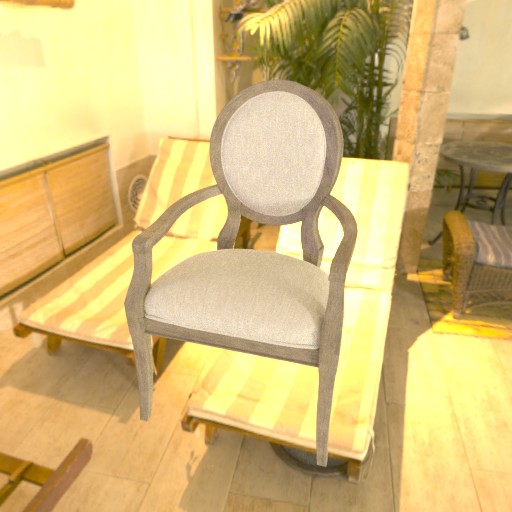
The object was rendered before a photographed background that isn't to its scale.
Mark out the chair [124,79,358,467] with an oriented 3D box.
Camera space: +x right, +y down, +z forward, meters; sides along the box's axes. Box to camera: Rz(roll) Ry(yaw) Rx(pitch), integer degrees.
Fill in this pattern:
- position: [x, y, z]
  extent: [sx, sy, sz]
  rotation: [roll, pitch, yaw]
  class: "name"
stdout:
- position: [0.000, 0.000, 1.396]
  extent: [0.611, 0.991, 0.602]
  rotation: [8, 28, 15]
  class: "chair"
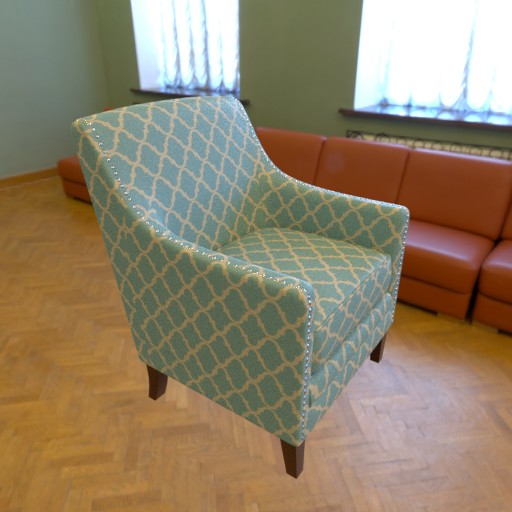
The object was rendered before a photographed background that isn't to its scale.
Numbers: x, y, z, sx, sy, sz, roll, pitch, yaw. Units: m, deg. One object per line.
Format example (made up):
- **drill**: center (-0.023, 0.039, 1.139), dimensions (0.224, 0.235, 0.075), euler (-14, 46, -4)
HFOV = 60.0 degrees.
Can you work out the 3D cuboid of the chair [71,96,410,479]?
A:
- **chair**: center (0.000, 0.000, 1.288), dimensions (0.686, 0.817, 0.617), euler (17, 31, 31)
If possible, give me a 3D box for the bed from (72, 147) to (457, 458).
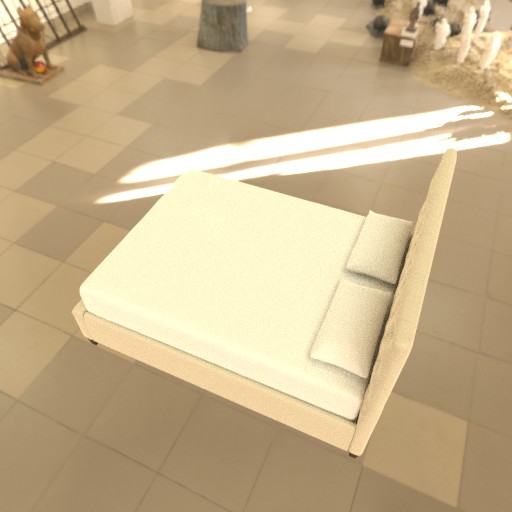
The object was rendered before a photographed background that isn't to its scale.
[{"bbox_3d":[0.000,0.000,3.254,2.233,1.426,1.696,18,49,16],"label":"bed"}]
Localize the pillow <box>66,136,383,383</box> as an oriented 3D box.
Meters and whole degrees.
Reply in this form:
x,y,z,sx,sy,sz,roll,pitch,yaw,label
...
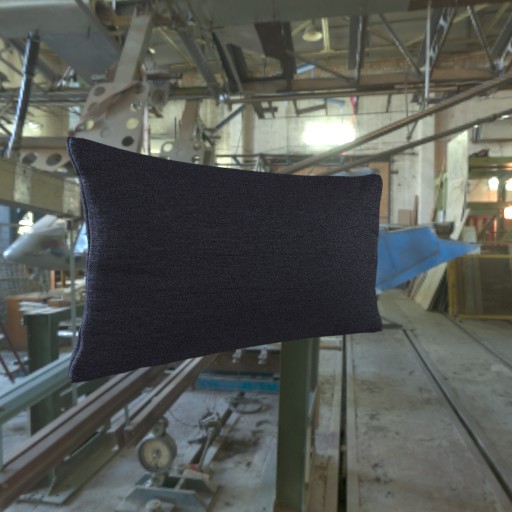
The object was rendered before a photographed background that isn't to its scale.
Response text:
x,y,z,sx,sy,sz,roll,pitch,yaw,label
0.000,0.000,0.785,0.633,0.338,0.210,-1,3,-34,pillow
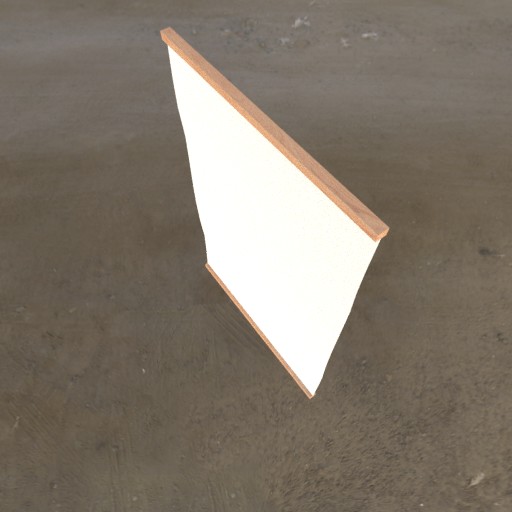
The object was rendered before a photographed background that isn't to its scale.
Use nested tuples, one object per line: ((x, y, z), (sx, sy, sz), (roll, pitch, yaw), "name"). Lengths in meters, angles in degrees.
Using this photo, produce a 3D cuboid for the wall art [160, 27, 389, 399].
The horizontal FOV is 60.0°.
((0.000, 0.000, 0.628), (0.012, 0.508, 0.332), (-32, 64, -18), "wall art")
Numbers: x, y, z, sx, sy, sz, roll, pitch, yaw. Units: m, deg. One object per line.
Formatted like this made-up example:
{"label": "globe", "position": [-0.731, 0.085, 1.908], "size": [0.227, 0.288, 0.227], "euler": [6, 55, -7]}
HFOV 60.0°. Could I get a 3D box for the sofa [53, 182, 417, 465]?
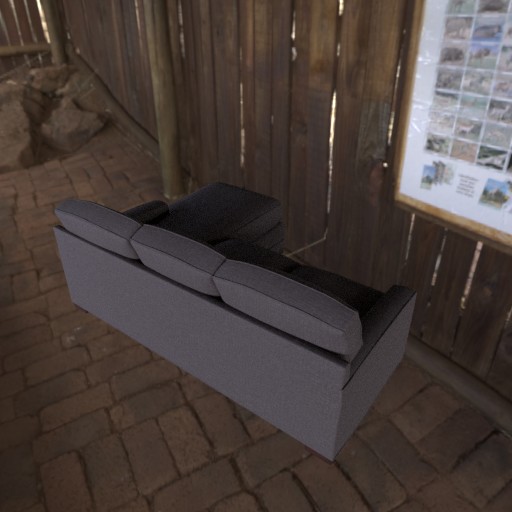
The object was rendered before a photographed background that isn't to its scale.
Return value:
{"label": "sofa", "position": [0.000, 0.000, 3.338], "size": [2.370, 0.973, 1.790], "euler": [21, 37, 31]}
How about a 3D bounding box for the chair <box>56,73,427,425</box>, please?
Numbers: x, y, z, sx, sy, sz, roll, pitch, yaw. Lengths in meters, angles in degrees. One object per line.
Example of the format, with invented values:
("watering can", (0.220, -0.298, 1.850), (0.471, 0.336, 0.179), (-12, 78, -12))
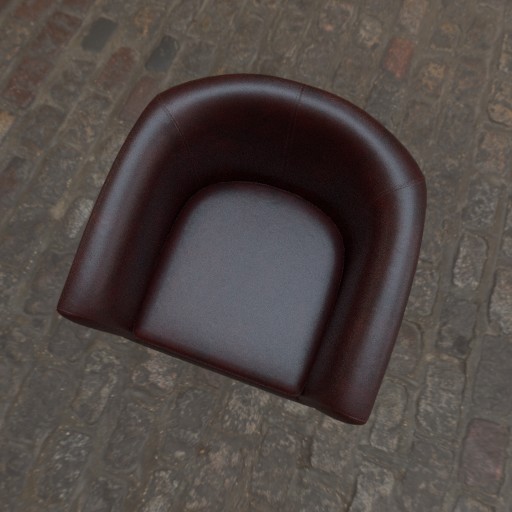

***

Task instructions:
Write out each entry word for word, images excluded.

Reply to the exercise:
The object was rendered before a photographed background that isn't to its scale.
Mark out the chair [124,79,358,467] with an oriented 3D box.
Camera space: +x right, +y down, +z forward, meters; sides along the box's axes. Box to camera: Rz(roll) Ry(yaw) Rx(pitch), integer degrees.
Fill in this pattern:
- position: [x, y, z]
  extent: [sx, sy, sz]
  rotation: [roll, pitch, yaw]
  class: "name"
stdout:
- position: [0.000, 0.000, 1.396]
  extent: [0.611, 0.991, 0.602]
  rotation: [8, 28, 15]
  class: "chair"
The object was rendered before a photographed background that isn't to its scale.
Numbers: x, y, z, sx, sy, sz, roll, pitch, yaw. Units: m, deg. One object per line.
Format example (made up):
- **drill**: center (-0.023, 0.039, 1.139), dimensions (0.224, 0.235, 0.075), euler (-14, 46, -4)
HFOV = 60.0 degrees.
Can you work out the 3D cuboid of the chair [71,96,410,479]?
A:
- **chair**: center (0.000, 0.000, 1.288), dimensions (0.686, 0.817, 0.617), euler (17, 31, 31)
If possible, give me a 3D box for the bed from (72, 147) to (457, 458).
The object was rendered before a photographed background that isn't to its scale.
[{"bbox_3d":[0.000,0.000,3.254,2.233,1.426,1.696,18,49,16],"label":"bed"}]
Localize the pillow <box>66,136,383,383</box> as an oriented 3D box.
Meters and whole degrees.
Reply in this form:
x,y,z,sx,sy,sz,roll,pitch,yaw,label
...
The object was rendered before a photographed background that isn't to its scale.
Response text:
x,y,z,sx,sy,sz,roll,pitch,yaw,label
0.000,0.000,0.785,0.633,0.338,0.210,-1,3,-34,pillow
The object was rendered before a photographed background that isn't to its scale.
Use nested tuples, one object per line: ((x, y, z), (sx, sy, sz), (roll, pitch, yaw), "name"). Lengths in meters, angles in degrees.
Using this photo, produce a 3D cuboid for the wall art [160, 27, 389, 399].
The horizontal FOV is 60.0°.
((0.000, 0.000, 0.628), (0.012, 0.508, 0.332), (-32, 64, -18), "wall art")
Numbers: x, y, z, sx, sy, sz, roll, pitch, yaw. Units: m, deg. One object per line.
Formatted like this made-up example:
{"label": "globe", "position": [-0.731, 0.085, 1.908], "size": [0.227, 0.288, 0.227], "euler": [6, 55, -7]}
HFOV 60.0°. Could I get a 3D box for the sofa [53, 182, 417, 465]?
The object was rendered before a photographed background that isn't to its scale.
Return value:
{"label": "sofa", "position": [0.000, 0.000, 3.338], "size": [2.370, 0.973, 1.790], "euler": [21, 37, 31]}
How about a 3D bounding box for the chair <box>56,73,427,425</box>, please?
Numbers: x, y, z, sx, sy, sz, roll, pitch, yaw. Lengths in meters, angles in degrees. One object per line.
Example of the format, with invented values:
("watering can", (0.220, -0.298, 1.850), (0.471, 0.336, 0.179), (-12, 78, -12))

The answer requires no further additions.